La iniciativa del US Open 2026 para aumentar considerablemente las acreditaciones a creadores de contenido ha provocado críticas severas entre los jugadores por las distracciones en la cancha, el ruido constante y episodios atípicos como la suspensión de un partido debido al olor a marihuana.
En la edición 2026 del US Open, la figura de los creadores de contenido se ha convertido en un tema central dentro del debate sobre organización y deporte en el tenis mundial. Con el fin de conectar el torneo con audiencias más jóvenes por medio de plataformas como TikTok e Instagram, la dirección del Grand Slam neoyorquino optó por un aumento significativo en las acreditaciones destinadas a este grupo, llegando a casi un centenar de pases. Según información difundida por Reuters, aproximadamente 100 creadores recibieron acreditación oficial, de los cuales cerca de 20 se dedicaron exclusivamente a cubrir aspectos de gastronomía y bebidas en el recinto. No obstante, esta política ha generado fuertes críticas debido a la alteración de la etiqueta tradicional del tenis y el impacto negativo en el desarrollo de los encuentros.
El aumento de contenido audiovisual en las gradas causó que la promoción de experiencias complementarias al juego —centradas en moda, gastronomía, coctelería y espacios VIP— entrara en conflicto con la concentración de los tenistas. Entre las incidencias reportadas sobresale la del partido de Naomi Osaka. En un momento del encuentro, un grupo de asistentes en los palcos comenzó la grabación con un aro de luz, un equipo adicional de iluminación cuyo uso y movimiento provocaron distracciones evidentes en la cancha, lo cual requirió la intervención del juez de silla y causó incomodidad en la jugadora japonesa.
Luego, la jugadora japonesa expresó su rechazo hacia este tipo de comportamientos en eventos deportivos: «Si asistes a un evento deportivo, debes respetar el deporte». Además, calificó como una falta de respeto el uso de dispositivos luminosos y la realización de sesiones fotográficas mientras los puntos están en juego. Sobre la coexistencia de estos nuevos perfiles en las gradas, deportistas como Coco Gauff y Daniil Medvedev afirmaron que la incorporación de un público más diverso es beneficiosa para el tenis, siempre que se respete y cumpla rigurosamente el reglamento vigente en las instalaciones.
La evolución del Grand Slam estadounidense hacia una plataforma combinada de publicidad y entretenimiento también se refleja en su oferta gastronómica viral. Esta edición ha afianzado el consumo de productos costosos pensados para su promoción en redes sociales, como los nuggets de pollo recubiertos con caviar que se venden cerca de los 100 dólares (unos 86 euros al cambio). Además, se mantienen ventas constantes de bebidas emblemáticas como el cóctel Honey Deuce —hecho con vodka, limonada y bolas de melón— que en 2025 generó ingresos de 17 millones de dólares (alrededor de 14,6 millones de euros), junto con la introducción del sándwich French Dip de Salt Hank a 38 dólares, fortaleciendo un circuito paralelo de análisis gastronómico en plataformas digitales.
Las perturbaciones del orden han superado las grabaciones de contenido. Varios asistentes señalaron que el ruido ambiental y el constante desplazamiento de espectadores en las gradas durante los puntos afectan la normalidad del partido. El tenista francés Adrián Mannarino calificó el ambiente como un «zoológico», criticando la carencia de control en los accesos, opinión que compartieron trabajadores de acomodación y que motivó reiteradas advertencias por parte de los jueces de silla.
Además de las molestias sonoras, se registró la suspensión parcial del enfrentamiento entre Aryna Sabalenka y Kamilla Rakhimova. La jugadora de Bielorrusia solicitó la intervención de la jueza de silla para localizar a un espectador, indicando que el intenso aroma a marihuana proveniente de la grada interfería con su concentración necesaria para competir.

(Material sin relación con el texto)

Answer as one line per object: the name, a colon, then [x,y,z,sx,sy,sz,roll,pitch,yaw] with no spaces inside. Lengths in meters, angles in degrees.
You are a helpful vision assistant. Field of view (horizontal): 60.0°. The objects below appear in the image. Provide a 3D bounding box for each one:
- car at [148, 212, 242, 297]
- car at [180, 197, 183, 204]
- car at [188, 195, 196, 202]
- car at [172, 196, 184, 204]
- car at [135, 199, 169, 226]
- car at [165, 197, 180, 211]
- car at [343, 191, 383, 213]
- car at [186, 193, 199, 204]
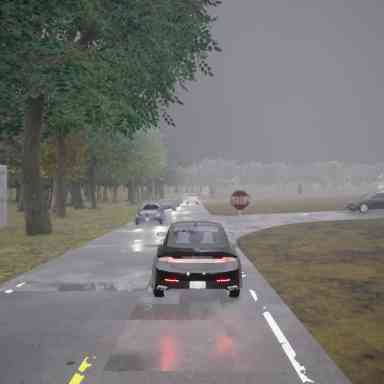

Aunque la ley del estado de Nueva York autoriza el consumo recreativo de cannabis, las reglas internas del US Open prohíben estrictamente fumar dentro del recinto. La tenista Katie Boulter confirmó que esta problemática persistió, señalando que el olor era notorio incluso en las zonas destinadas a los entrenamientos.

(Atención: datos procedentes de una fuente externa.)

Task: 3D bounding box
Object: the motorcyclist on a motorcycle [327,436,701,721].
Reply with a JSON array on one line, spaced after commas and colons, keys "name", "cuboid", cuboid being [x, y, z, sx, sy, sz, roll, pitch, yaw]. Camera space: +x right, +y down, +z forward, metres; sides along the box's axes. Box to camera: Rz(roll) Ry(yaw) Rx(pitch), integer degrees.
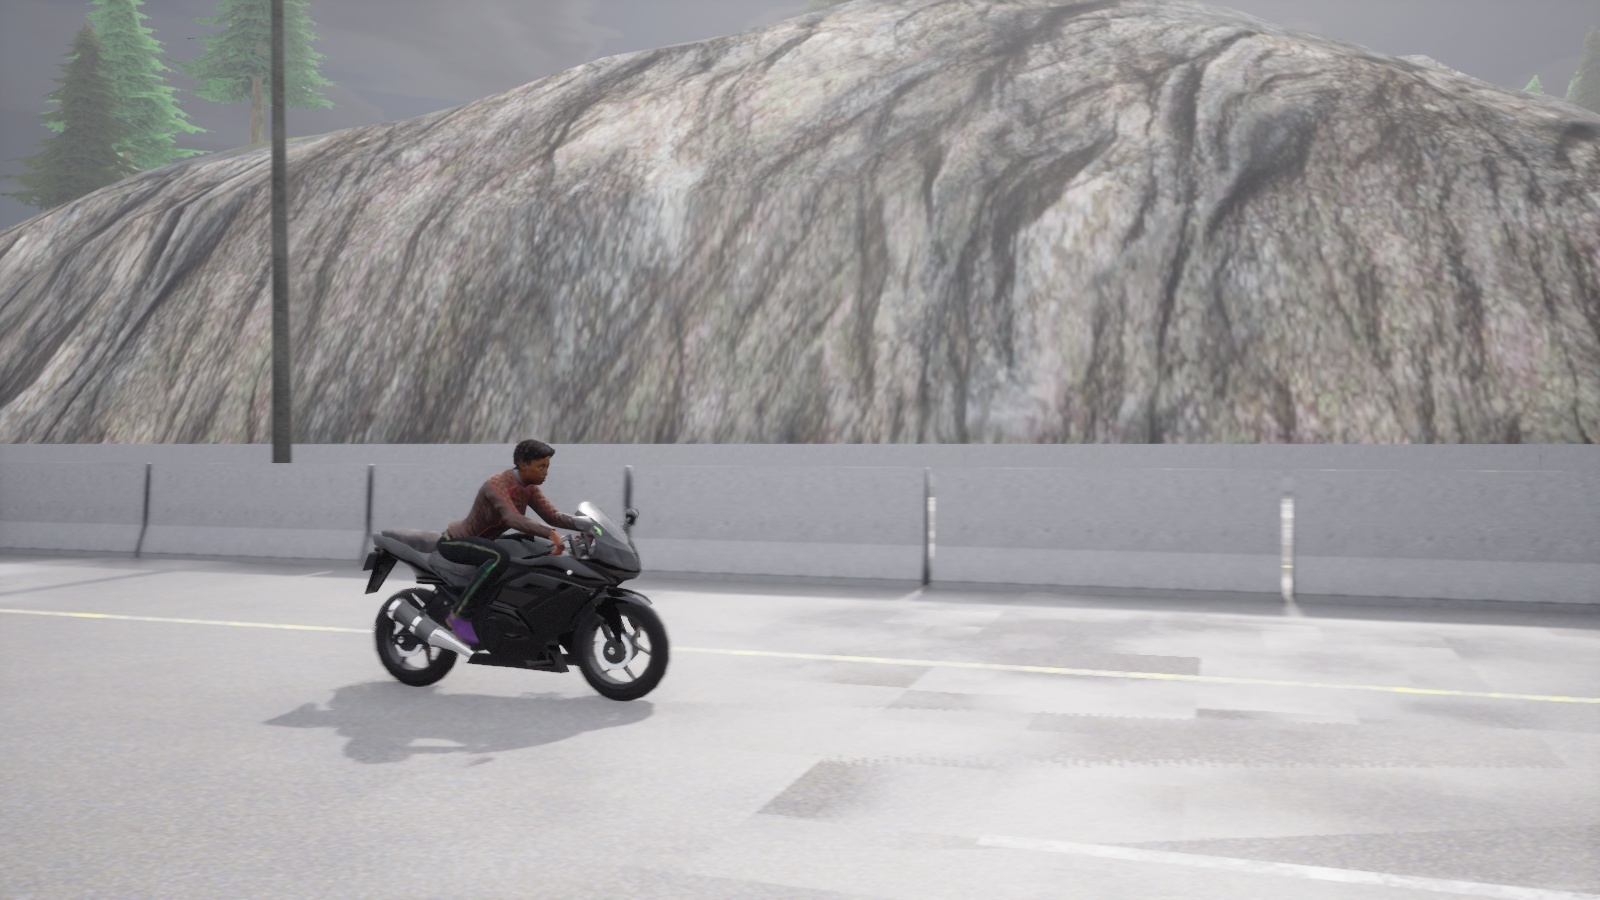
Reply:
[{"name": "motorcyclist on a motorcycle", "cuboid": [-1.689, 0.683, 7.454, 2.044, 1.523, 0.797, 1, 1, 19]}]

En respuesta a los eventos ocurridos en Flushing Meadows, el torneo de Wimbledon ha reafirmado su apego a un reglamento más tradicional. El All England Club rechazó la creación de una categoría específica de acreditación para creadores de contenido o ‘influencers’. Además, el reglamento británico prohíbe categóricamente la entrada de dispositivos de iluminación suplementaria, como los aros de luz, y mantiene estrictas limitaciones en la grabación de vídeo dentro de sus instalaciones, evidenciando un enfoque organizativo distinto al del torneo estadounidense.